▶ [Directions]
The data below holds the lines to copy: everything from the line containing "(2) Tool access" to the line containing "(6) Pull direction", both ends included, set down exactly.
▬▬▬
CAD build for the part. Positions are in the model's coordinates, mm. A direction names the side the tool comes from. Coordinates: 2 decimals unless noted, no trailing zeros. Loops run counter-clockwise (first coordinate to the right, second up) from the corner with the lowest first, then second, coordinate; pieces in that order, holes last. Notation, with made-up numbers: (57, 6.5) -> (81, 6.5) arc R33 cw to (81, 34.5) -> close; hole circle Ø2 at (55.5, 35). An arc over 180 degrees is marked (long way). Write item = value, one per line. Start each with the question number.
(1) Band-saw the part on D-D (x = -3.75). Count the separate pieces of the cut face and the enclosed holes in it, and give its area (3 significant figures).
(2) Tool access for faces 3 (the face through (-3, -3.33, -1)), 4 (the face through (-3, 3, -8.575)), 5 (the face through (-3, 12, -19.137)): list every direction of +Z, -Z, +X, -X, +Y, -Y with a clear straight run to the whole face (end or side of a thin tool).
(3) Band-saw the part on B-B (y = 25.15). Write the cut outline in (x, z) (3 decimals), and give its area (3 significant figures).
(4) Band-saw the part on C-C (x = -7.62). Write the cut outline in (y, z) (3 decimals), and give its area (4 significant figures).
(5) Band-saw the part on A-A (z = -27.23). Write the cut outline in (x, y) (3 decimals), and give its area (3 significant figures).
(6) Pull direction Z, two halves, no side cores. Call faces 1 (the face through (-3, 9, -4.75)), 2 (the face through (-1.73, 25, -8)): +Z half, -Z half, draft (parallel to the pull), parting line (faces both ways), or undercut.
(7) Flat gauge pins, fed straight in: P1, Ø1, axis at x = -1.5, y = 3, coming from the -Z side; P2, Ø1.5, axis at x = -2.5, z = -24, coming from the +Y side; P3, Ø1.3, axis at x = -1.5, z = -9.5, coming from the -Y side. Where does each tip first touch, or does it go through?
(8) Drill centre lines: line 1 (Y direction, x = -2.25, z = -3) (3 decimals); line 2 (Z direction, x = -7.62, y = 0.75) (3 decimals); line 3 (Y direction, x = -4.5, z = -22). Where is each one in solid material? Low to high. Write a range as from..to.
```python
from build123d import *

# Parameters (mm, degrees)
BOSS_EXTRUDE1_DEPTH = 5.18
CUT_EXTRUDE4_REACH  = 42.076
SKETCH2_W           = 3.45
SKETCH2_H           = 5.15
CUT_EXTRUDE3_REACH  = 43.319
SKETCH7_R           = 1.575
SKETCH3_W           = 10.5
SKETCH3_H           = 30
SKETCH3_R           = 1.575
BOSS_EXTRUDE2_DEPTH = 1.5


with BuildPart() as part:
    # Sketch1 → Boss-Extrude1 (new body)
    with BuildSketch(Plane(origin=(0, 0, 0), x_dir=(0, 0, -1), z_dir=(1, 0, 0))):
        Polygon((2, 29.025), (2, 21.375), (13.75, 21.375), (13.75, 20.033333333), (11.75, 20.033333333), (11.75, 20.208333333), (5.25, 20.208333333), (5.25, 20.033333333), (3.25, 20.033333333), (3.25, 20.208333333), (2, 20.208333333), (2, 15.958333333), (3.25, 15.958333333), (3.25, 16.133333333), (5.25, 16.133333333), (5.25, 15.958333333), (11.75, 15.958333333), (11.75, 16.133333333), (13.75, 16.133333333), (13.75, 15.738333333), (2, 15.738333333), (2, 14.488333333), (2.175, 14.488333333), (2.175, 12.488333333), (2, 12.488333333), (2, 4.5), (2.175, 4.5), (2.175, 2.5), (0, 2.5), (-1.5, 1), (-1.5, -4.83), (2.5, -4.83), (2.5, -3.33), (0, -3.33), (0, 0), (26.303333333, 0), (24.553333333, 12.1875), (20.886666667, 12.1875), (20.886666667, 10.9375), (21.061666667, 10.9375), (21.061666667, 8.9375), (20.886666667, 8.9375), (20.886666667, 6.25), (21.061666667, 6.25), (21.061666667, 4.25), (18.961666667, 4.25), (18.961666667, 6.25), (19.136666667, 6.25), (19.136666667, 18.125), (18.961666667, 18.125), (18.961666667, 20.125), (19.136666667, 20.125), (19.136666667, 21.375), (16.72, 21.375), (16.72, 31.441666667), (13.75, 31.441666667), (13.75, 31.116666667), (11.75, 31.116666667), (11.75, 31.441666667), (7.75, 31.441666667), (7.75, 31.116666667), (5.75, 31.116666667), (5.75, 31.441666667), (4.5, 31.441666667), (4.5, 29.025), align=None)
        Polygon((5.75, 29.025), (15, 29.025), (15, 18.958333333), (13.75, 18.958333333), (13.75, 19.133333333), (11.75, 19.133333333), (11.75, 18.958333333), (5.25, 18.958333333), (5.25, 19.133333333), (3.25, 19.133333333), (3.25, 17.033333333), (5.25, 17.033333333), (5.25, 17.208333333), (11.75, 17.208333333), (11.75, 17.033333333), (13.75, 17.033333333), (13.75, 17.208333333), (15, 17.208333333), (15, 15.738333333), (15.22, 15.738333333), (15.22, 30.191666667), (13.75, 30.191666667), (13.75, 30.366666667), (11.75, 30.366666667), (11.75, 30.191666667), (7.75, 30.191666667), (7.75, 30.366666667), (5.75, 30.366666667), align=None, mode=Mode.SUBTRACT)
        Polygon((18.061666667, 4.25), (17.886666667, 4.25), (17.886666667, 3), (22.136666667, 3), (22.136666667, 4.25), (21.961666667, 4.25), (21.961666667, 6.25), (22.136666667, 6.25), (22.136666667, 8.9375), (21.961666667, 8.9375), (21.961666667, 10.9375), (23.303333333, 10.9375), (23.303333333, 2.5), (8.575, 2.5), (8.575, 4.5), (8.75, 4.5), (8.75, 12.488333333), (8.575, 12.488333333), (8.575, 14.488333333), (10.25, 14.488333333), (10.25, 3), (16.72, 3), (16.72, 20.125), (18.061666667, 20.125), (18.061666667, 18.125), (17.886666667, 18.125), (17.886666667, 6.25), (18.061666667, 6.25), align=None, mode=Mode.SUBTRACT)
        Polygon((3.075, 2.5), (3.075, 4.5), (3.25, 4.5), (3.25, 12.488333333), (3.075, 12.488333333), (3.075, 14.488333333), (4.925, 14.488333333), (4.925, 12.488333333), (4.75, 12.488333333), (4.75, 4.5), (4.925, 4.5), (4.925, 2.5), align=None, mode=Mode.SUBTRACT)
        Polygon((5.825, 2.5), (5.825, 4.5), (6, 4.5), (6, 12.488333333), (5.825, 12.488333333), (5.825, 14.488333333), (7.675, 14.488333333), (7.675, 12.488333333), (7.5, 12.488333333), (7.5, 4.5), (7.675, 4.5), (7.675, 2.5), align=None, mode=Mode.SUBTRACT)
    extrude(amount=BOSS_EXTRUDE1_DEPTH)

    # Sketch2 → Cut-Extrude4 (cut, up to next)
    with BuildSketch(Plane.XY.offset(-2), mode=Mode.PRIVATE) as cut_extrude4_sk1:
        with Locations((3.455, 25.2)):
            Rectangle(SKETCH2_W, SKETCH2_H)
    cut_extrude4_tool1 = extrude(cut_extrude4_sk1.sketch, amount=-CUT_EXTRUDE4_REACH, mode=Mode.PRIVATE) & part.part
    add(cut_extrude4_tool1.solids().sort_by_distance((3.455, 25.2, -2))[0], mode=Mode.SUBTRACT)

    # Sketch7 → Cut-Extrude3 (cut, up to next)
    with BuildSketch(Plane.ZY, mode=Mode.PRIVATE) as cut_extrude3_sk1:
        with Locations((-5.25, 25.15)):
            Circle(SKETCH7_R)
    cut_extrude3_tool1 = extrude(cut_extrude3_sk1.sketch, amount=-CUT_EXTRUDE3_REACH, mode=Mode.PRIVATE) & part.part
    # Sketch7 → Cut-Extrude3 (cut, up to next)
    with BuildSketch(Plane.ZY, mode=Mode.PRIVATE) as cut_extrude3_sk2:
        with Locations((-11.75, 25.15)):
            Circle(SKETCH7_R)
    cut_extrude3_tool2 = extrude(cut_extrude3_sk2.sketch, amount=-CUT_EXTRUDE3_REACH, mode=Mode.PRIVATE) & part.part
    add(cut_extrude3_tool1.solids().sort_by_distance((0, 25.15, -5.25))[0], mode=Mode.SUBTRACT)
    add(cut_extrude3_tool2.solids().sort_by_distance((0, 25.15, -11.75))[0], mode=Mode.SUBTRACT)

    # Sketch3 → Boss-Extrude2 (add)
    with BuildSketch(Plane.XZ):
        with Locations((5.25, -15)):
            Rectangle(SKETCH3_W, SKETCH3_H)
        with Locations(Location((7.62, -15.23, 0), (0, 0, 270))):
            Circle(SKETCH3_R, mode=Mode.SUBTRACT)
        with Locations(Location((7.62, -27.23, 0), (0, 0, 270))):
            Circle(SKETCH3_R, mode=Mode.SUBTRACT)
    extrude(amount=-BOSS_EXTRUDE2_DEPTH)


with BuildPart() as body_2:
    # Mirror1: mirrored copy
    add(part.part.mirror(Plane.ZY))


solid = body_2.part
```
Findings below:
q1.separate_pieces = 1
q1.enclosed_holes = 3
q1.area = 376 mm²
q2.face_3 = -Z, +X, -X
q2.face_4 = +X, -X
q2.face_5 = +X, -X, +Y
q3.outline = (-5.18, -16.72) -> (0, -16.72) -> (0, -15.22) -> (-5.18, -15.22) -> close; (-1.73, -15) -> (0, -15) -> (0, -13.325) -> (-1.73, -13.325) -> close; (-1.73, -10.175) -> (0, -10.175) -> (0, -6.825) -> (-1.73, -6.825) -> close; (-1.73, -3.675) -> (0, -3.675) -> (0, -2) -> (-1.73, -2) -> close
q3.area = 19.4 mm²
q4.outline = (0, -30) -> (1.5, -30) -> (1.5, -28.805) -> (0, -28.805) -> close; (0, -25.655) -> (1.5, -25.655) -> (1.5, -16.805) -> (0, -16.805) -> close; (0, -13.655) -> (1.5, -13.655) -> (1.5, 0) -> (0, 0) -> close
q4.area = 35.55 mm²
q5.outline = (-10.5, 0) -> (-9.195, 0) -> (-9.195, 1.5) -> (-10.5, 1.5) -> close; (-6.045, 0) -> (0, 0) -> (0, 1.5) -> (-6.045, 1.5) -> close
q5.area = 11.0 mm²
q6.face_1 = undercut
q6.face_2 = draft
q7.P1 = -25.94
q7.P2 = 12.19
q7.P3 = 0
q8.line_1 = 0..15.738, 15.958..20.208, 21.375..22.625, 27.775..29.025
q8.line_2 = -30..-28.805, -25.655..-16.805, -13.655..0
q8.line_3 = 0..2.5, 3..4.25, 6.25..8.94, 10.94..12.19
▬▬▬
▶ [Exercise response]
(2) Tool access for faces 3 (the face through (-3, -3.33, -1)), 4 (the face through (-3, 3, -8.575)), 5 (the face through (-3, 12, -19.137)): list every direction of +Z, -Z, +X, -X, +Y, -Y with a clear straight run to the whole face (end or side of a thin tool).
(3) Band-saw the part on B-B (y = 25.15). Write the cut outline in (x, z) (3 decimals), and give its area (3 significant figures).
(4) Band-saw the part on C-C (x = -7.62). Write the cut outline in (y, z) (3 decimals), and give its area (4 significant figures).
(5) Band-saw the part on A-A (z = -27.23). Write the cut outline in (x, y) (3 decimals), and give its area (3 significant figures).
(6) Pull direction Z, two halves, no side cores. Call faces 1 (the face through (-3, 9, -4.75)), 2 (the face through (-1.73, 25, -8)): +Z half, -Z half, draft (parallel to the pull), parting line (faces both ways), or undercut.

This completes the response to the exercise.